Confident prediction of who will or will not experience side effects from a cornerstone heart failure therapy continues to elude researchers, even as they showed that some real-world patients were more likely not to tolerate even the lowest starting dose.
For the LIFE trial, 445 people with New York Heart Association class IV symptoms entered a run-in period of 3-7 days taking sacubitril/valsartan (Entresto) 24/26 mg twice a day. Ultimately, 18% dropped out at a median 6 days due to intolerance -- mostly symptomatic hypotension, and renal dysfunction in some cases -- before ever reaching the study's randomization phase.
Investigators found several multivariable predictors of angiotensin receptor-neprilysin inhibitor (ARNI) intolerance at 50 mg twice a day:
- Lower mean arterial pressure
- Lower serum chloride
- Presence of an implantable cardioverter-defibrillator or cardiac resynchronization device
- Moderate or greater mitral regurgitation
- Nonuse of angiotensin-converting enzyme (ACE) inhibitors or angiotensin receptor blockers (ARBs) at screening
- Use of insulin at screening
Anyone with just one or no risk factors was unlikely to fail run-in, whereas people meeting four or more of these criteria had a nearly 50% probability of sacubitril/valsartan intolerance, according to a group led by Justin Vader, MD, of Washington University School of Medicine in St. Louis. The manuscript was published in the July 2022 issue of .
ARNI therapy has won strong recommendations from the latest U.S. and European heart failure guidelines on the basis of the landmark PARADIGM-HF trial and other studies.
"However, whether sacubitril/valsartan indeed is the right choice for patients with advanced heart failure was not addressed by these large clinical trials as most patients they enrolled were relatively stable. The patients we worry the most about, those with advanced heart failure, are brittle and are often barely able to tolerate neurohormonal blockade," according to Marc Samsky, MD, and Sounok Sen, MD, both of Yale University School of Medicine in New Haven, Connecticut.

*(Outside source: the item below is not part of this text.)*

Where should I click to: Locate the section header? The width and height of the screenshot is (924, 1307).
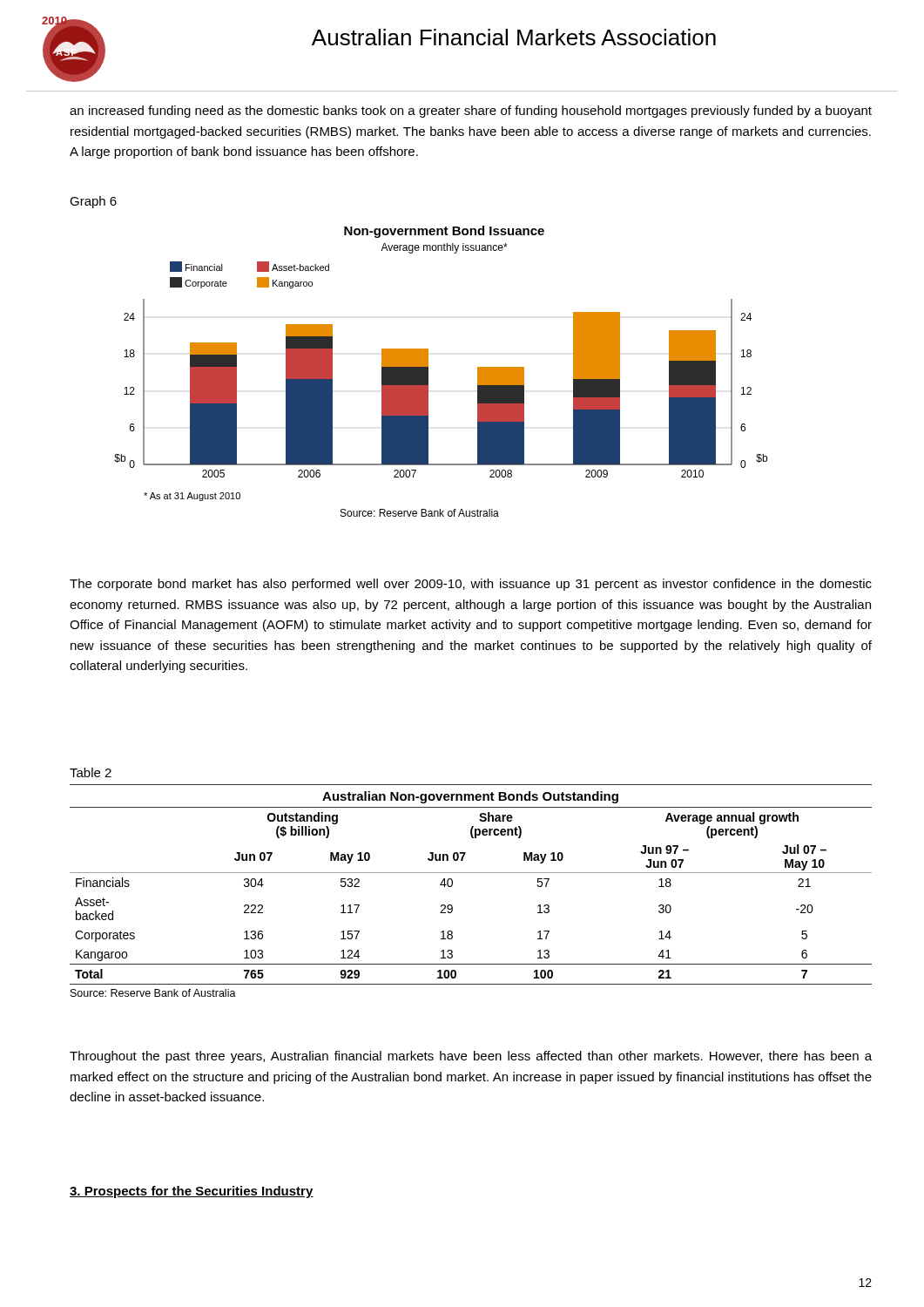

"Intolerance to this medication should also be a reminder to clinicians that sacubitril/valsartan is not a panacea for all heart failure; indeed, its benefit has only been proven in a subset of patients who might not represent a real-world population," the pair wrote in an .
Vader's group noted that PARADIGM-HF had a sequential two-phase run-in design that required participants be stable on the ACE inhibitor enalapril before getting a higher dose of sacubitril/valsartan.
PARADIGM-HF's enalapril phase took out 25-30% of people due to hypotension and worsening renal function, and sacubitril/valsartan took out approximately 30% of the remaining candidates. This suggests "that sacubitril/valsartan is associated with dose-limiting side effects even in patients who are able to tolerate optimal guideline-directed medical therapy doses of enalapril," Vader and colleagues said.
"What does this mean for the practicing heart failure clinician? Based on the results of LIFE, initiation of sacubitril/valsartan might be considered the equivalent of adding another plate to the already precariously dowel rod–balanced stack of dishes," according to Samsky and Sen.
"For patients who might otherwise be suitable recipients of therapies known to be life-prolonging such as left ventricular assist device implantation or cardiac transplantation, sacubitril/valsartan intolerance should be a signal for expedited referral for these therapies, as continued pharmaceutical management might even impair their candidacy," the editorialists urged.
Reported last year, the main finding of LIFE was that sacubitril/valsartan not only did not improve N-terminal pro-B-type natriuretic peptide (NT-proBNP) levels in people with heart failure and reduced ejection fraction -- it even trended toward increased risk of heart failure hospitalization over an ARB alone.
The study was a disappointment and left some wary of prescribing the ARNI to those with advanced heart failure.
"Given that the LIFE trial did not include a prior run-in period, in which patients were required to be hemodynamically stable on an optimal dose of an ACE inhibitor before their first exposure to sacubitril/valsartan, the LIFE trial provides an opportunity to assess the tolerability of sacubitril/valsartan in a clinically applicable, real-world setting," Vader and colleagues maintained.
Nevertheless, they acknowledged that their analysis relied on a relatively small number of people who did not complete the run-in period. Moreover, NT-proBNP levels at the time of run-in were not collected and could not be accounted for in the present study.
Disclosures
LIFE had been supported by the NIH and Novartis.
Vader, Samsky, and Sen had no disclosures.
Primary Source
JACC: Heart Failure
Vader JM, et al "Tolerability of sacubitril/valsartan in patients with advanced heart failure: analysis of the LIFE trial run-in" JACC Heart Fail 2022; DOI: 10.1016/j.jchf.2022.04.013.
Secondary Source
JACC: Heart Failure
Samsky MD, Sen S "Sacubitril/valsartan in advanced heart failure: shattering the paradigm to focus on real LIFE" JACC Heart Fail 2022; DOI: 10.1016/j.jchf.2022.05.011.